ANALYSE - De local à global  

Il aura fallu moins d’une génération pour que l’évolution de notre société aille de local à global afin de satisfaire le besoin croissant de nos envies de consommer. Depuis les années 60, notre place du marché est passée de locale à globale, nous permettant d’avoir multitude de  produits en perdant la référence à la saisonnalité et à la temporalité.  On voulait du soleil en hiver, on prenait l’avion pour se retrouver dans l’hémisphère sud. Demandez  aussi à vos enfants la saison des fraises, des cerises, des aubergines, des mûres.... Nous avons perdu une partie de notre capacité industrielle à la quête de la productivité et ainsi perdant une grande partie de notre indépendance et des valeurs civiques et communautaires. 

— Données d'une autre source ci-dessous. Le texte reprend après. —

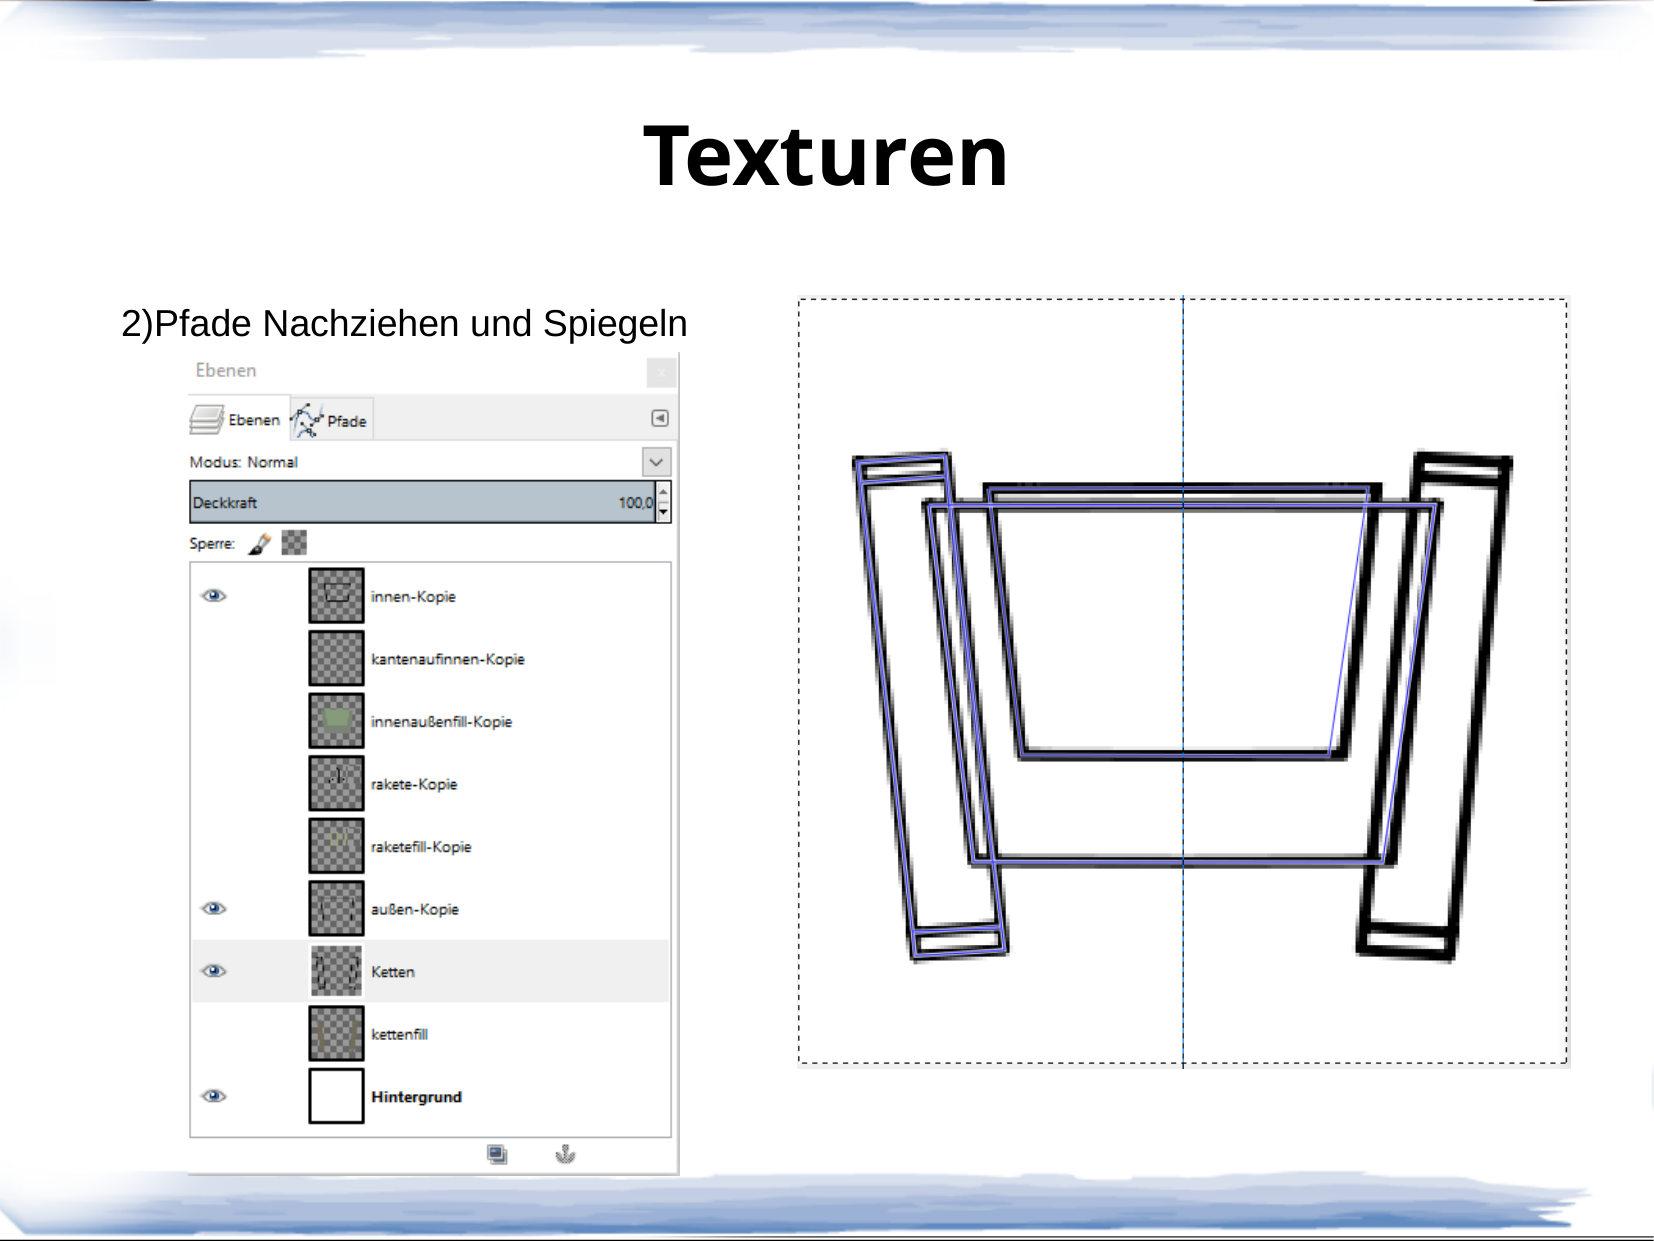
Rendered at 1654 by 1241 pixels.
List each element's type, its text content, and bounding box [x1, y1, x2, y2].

De global à glocal (contraction de global et local) – en quelques années

Cependant les experts en marketing se sont bien vite aperçus que le même produit ne satisfaisait pas les besoins de tous les consommateurs. Il existait un besoin de localiser certaines productions afin de répondre à des critères fixés par les autorités ou simplement attendus. En d’autres termes pour avoir le label made in France il fallait le gagner.  Qui eut cru que l’on aurait un jour une Toyota fabriquée en France ou une Renault au Brésil. Les politiques étatiques de protectionnisme local ont poussé les entreprises à s’adapter et à produire localement afin d’acquérir une couleur locale à grands frais et aux prix d’accords internationaux parfois difficiles à comprendre, mais relevant de partages de rôles nationaux pour bénéficier aux entreprises si l’on écoute les débats politiques sans fins. Aujourd’hui, le voyage aérien est quasiment arrêté. «Il s'agit de la crise la plus profonde jamais traversée par notre industrie», a commenté le directeur général de l'Association internationale du transport aérien (Iata) Alexandre de Juniac au cours d'une conférence téléphonique, appelant les gouvernements à l'aide face à l'arrivée d'une «crise de liquidités». La baisse du chiffre d’affaires initialement estimé la semaine dernière à 113 milliards de dollars (source : IATA) vient d’être relevé à 252 milliards de dollars, une baisse de 44% du chiffre d’affaires par rapport à 2019 sur la base d’une crise durant 3 mois.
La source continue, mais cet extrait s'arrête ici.